Komisi ini bertugas untuk memilih buku-buku baik yang dapat menjadi bacaan bagi
penduduk pribumi dan memberi pertimbangan kepada Direktur Pendidikan yang
mengurus sekolah-sekolah pribumi. Pada tahun 1917, komisi ini berkembang
menjadi lembaga otonom yang mengontrol pengumpulan naskah, percetakan,
penerbitan, yang dianggap pemerintah bermutu.

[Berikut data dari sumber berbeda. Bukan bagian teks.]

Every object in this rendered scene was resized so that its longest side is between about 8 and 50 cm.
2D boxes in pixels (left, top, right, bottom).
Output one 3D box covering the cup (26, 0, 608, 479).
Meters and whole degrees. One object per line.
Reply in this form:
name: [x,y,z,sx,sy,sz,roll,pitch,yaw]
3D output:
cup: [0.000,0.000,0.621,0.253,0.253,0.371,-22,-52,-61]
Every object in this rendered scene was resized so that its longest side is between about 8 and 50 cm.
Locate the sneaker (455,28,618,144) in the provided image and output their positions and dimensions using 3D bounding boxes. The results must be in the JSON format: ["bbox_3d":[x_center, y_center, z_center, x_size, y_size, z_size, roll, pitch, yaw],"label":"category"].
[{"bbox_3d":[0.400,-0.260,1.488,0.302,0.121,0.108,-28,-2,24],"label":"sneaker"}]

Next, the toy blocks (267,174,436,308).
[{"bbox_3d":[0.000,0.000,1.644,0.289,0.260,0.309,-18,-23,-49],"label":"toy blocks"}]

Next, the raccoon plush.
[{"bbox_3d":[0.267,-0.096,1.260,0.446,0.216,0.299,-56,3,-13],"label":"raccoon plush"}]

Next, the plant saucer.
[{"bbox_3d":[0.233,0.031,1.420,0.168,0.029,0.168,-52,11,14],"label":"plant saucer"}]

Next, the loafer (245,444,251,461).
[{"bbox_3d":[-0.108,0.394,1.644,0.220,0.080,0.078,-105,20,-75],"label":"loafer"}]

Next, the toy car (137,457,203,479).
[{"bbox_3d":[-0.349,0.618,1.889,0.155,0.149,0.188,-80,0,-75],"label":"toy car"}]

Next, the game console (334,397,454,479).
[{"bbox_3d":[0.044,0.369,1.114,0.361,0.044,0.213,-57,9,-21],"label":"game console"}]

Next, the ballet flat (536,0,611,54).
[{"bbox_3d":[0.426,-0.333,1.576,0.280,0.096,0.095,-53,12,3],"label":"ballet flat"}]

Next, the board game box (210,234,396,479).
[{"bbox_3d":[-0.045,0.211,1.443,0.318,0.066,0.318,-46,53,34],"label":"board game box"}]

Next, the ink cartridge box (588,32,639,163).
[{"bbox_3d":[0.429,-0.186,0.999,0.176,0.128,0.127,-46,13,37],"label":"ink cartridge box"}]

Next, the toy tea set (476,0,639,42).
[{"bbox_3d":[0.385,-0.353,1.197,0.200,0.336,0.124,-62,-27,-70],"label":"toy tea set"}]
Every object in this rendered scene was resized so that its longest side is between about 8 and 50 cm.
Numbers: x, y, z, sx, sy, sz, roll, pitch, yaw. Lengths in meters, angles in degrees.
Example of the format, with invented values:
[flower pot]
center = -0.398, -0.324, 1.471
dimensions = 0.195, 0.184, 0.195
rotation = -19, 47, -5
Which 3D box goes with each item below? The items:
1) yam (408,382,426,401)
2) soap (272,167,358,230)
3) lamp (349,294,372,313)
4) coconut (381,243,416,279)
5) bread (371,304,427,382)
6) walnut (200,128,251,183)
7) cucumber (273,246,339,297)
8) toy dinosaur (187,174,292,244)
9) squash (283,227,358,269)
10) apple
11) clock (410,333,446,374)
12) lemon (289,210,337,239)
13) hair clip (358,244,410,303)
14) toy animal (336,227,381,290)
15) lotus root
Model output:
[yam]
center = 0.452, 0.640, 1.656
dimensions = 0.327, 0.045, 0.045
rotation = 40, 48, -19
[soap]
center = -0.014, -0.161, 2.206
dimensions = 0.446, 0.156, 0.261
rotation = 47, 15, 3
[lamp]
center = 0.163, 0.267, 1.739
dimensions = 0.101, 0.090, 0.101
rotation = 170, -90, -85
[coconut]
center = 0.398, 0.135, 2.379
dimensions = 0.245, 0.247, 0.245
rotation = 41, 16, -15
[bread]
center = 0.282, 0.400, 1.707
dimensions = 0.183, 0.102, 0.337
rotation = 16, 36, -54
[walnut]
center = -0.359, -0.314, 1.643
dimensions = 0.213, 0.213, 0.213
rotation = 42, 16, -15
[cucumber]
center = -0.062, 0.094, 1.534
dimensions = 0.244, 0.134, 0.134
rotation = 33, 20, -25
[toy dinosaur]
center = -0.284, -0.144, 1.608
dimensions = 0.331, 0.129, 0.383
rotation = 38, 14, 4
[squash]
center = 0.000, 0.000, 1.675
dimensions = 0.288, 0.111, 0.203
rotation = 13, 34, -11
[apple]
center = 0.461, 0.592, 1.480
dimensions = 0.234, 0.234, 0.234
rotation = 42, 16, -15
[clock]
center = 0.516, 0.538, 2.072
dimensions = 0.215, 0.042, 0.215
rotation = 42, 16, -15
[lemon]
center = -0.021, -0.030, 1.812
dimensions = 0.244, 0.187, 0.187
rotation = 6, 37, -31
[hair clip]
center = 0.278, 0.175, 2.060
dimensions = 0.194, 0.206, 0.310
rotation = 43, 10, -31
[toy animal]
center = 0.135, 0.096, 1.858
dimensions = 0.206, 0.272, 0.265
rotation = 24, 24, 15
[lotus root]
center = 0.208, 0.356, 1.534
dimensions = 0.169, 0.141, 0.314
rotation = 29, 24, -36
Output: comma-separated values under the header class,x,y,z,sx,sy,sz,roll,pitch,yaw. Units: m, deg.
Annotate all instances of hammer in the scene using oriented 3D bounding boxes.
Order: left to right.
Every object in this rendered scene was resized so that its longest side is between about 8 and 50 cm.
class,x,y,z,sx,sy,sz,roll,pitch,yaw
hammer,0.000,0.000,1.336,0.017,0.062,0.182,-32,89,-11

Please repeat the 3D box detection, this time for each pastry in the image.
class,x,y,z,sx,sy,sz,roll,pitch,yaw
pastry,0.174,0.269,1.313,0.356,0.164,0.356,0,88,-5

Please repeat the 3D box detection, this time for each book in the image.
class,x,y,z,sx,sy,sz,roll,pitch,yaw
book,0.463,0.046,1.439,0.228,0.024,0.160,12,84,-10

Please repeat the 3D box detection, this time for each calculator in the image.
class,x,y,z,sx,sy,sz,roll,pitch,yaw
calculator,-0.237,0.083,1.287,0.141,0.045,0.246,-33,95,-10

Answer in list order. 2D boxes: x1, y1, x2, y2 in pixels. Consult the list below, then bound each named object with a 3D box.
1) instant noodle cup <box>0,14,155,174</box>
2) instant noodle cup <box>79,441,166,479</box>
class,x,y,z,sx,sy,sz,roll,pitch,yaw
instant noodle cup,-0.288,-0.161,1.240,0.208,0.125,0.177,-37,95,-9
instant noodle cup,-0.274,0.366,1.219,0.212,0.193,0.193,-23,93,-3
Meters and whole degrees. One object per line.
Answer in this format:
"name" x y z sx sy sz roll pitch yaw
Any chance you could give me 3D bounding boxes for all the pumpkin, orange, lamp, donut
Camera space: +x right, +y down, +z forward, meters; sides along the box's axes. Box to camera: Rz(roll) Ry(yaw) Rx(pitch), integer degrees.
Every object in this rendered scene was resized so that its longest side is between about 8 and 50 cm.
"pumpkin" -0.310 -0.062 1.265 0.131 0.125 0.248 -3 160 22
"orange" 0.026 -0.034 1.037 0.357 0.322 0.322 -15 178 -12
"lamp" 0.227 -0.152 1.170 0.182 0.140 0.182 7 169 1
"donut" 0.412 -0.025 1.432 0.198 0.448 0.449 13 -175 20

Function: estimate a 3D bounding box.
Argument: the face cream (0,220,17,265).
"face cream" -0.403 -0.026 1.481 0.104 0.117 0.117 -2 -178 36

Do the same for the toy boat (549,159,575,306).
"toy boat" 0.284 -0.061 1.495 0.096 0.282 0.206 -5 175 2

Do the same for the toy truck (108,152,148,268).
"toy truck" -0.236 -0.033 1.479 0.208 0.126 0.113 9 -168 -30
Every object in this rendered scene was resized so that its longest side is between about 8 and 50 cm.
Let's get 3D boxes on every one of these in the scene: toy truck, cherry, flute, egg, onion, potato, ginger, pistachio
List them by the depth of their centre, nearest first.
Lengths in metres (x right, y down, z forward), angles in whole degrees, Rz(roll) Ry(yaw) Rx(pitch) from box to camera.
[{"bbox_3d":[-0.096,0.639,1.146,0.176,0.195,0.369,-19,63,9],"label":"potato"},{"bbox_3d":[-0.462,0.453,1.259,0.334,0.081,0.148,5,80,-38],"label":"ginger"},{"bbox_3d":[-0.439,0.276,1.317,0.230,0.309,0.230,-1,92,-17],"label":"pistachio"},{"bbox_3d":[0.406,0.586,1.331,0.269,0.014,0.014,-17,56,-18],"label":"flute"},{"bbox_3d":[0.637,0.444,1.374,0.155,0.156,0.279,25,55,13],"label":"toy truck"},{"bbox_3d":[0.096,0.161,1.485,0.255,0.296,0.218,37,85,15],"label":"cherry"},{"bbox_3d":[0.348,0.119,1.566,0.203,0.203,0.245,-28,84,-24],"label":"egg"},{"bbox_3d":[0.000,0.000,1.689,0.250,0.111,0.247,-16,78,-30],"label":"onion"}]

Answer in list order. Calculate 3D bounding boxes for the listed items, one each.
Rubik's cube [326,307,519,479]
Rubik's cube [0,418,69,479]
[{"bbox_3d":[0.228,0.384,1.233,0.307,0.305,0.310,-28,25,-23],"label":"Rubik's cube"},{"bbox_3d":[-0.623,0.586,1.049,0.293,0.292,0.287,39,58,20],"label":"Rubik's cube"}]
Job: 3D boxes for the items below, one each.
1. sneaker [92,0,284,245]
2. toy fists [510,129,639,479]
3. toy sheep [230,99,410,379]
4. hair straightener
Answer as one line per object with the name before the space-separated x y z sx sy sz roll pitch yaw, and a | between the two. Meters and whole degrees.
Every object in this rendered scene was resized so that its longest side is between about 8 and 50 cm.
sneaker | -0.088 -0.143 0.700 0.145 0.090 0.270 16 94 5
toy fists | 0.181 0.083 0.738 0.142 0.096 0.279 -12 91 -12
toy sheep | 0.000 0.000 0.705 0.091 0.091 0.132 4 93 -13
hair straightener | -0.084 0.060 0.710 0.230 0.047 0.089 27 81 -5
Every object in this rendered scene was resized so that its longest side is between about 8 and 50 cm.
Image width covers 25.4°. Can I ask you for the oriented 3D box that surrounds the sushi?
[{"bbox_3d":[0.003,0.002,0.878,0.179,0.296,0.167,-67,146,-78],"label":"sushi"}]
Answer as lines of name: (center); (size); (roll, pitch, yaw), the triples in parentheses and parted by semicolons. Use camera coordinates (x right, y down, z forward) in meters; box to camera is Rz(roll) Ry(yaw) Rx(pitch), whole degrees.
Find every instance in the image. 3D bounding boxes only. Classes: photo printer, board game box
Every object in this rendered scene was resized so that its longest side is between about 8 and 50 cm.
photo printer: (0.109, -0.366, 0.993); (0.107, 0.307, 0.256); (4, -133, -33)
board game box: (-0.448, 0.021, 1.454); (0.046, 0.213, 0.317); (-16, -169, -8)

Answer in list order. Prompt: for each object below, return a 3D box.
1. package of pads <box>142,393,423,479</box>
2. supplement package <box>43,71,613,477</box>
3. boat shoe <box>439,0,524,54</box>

Lembaga ini kemudian dikenal
dengan nama Balai Poestaka.
Pada periode Demokrasi Terpimpin,
praktik pelarangan buku secara resmi muncul pertama pada akhir 1950-an seiring
dengan semakin meningkatnya kekuasaan militer dalam politik di Indonesia.
Penguasa militer mengeluarkan peraturan No PKM/001/9/1956 untuk mengontrol
kebebasan berekspresi, terutama pemberitaan pers. Pelarangan kemudian semakin
meluas. Sepanjang tahun 1957, penguasa militer melarang tidak kurang dari 33
penerbitan dan menutup 3 kantor berita.
Pelarangan ini terus berlanjut
hingga masa Orde Baru. Pada tahun 1989, Jaksa Agung dan lembaga-lembaga
(militer) membentuk Clearing House yang berfungsi meneliti isi buku
dan memberi rekomendasi kepada Jaksa Agung. Lembaga ini terus bergerak dan
mengawasi peredaran buku meski masa kekuasaan Orde Baru secara resmi telah
tumbang dan tergantikan dengan periode Reformasi.
Kondisi semacam ini, membuat
berbagai pihak yang terlibat dalam perbukuan harus berhati-hati memilih tema
agar aman dari ancaman penguasa. Hal ini tidak hanya berimbas pada
penerbitannya, melainkan juga penulisnya. Banyak penulis yang dari masa ke masa
diasingkan dan dipenjarakan karena tulisannya. Pada akhirnya, penulis dan
penerbit (sebagai pelaku industri) bekerja sama dalam membungkus buku agar
tidak terlihat sebagai ancaman negara. Tema-tema yang dibicarakan kemudian adalah
tema-tema yang ringan, seperti tema cinta, petualangan, pergaulan remaja, silat
dan lain sebagainya.
Sejak keruntuhan Orde Lama,
bangsa ini menjadi penganut negara-negara kapitalis seiring dengan semakin
berkuasanya Orde Baru. Sejak tahun 1970-an kapitalisme dan militerisme
memberikan dampak besar terhadap keadaan sosial masyarakat. Dampak ini juga
dirasakan oleh industri penerbitan buku yang harus menyesuaikan diri.
Tegaknya kekuasaan Orde Baru
tidak dapat dilepaskan dari kekuatan negara besar Blok Barat yang menganut
paham kapitalisme sehingga kebijakan negara Orde Baru pun terintegrasi dalam
sistem kapitalisme global. Kebudayaan populer yang lahir seiring dengan
kapitalisme pun berkembang di Indonesia.
Ada kecenderungan yang
berbeda pada sistem kapitalisme di Indonesia. Negara masih dominan dalam
kehidupan rakyatnya. Banyak kebijakan yang dikeluarkan dalam rangka mengontrol
rakyat atau negara. Manajemen yang digunakan adalah manajemen militerisme.